Full table scans on every batch in messages and events collection
Description:
Both messages.py and events.py rebuild issue/PR URL mappings on every batch instead of once at the start. This causes redundant full table scans that scale with data volume.
messages.py:156-164 - queries all issues and PRs per 20-message batch:
issues = augur_db.session.query(Issue).filter(Issue.repo_id == repo_id).all()
prs = augur_db.session.query(PullRequest).filter(PullRequest.repo_id == repo_id).all()

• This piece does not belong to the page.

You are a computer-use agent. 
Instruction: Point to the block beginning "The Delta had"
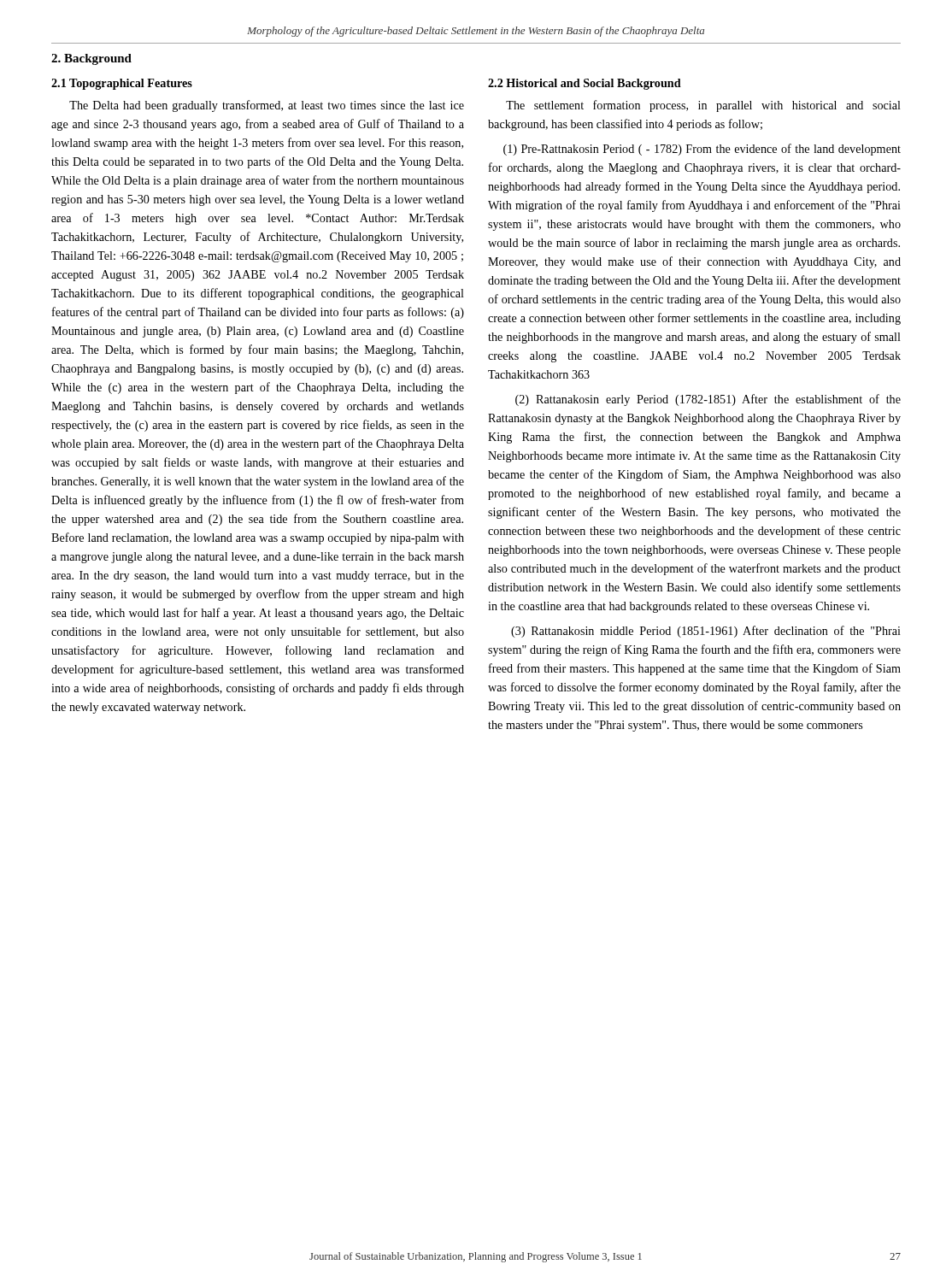(x=258, y=406)

events.py:237-253 - rebuilds mappings per 500-event batch via _get_map_from_* methods.
Impact:
- 1000 messages -> 50 full scans of issues AND PRs tables
- 10000 events -> 40 full scans total
Expected behavior: Build mappings once before the batch loop, pass as parameters. See #3439 for the expected pattern.
Suggested fix:
- Move mapping queries outside batch loops
- Build
issue_url_to_id_mapandpr_url_to_id_maponce - Pass mappings to processing functions
- Possibly also increase messages batch size from 20 to 1000 (unless this was an intentional design choice that wasn't documented in the code)
Files:
- augur/tasks/github/messages.py
- augur/tasks/github/events.py
i havent noticed this but this sounds like a perfect explaination for some of my observations that processing certain parts of collection that start out reallly fast and slow down over time.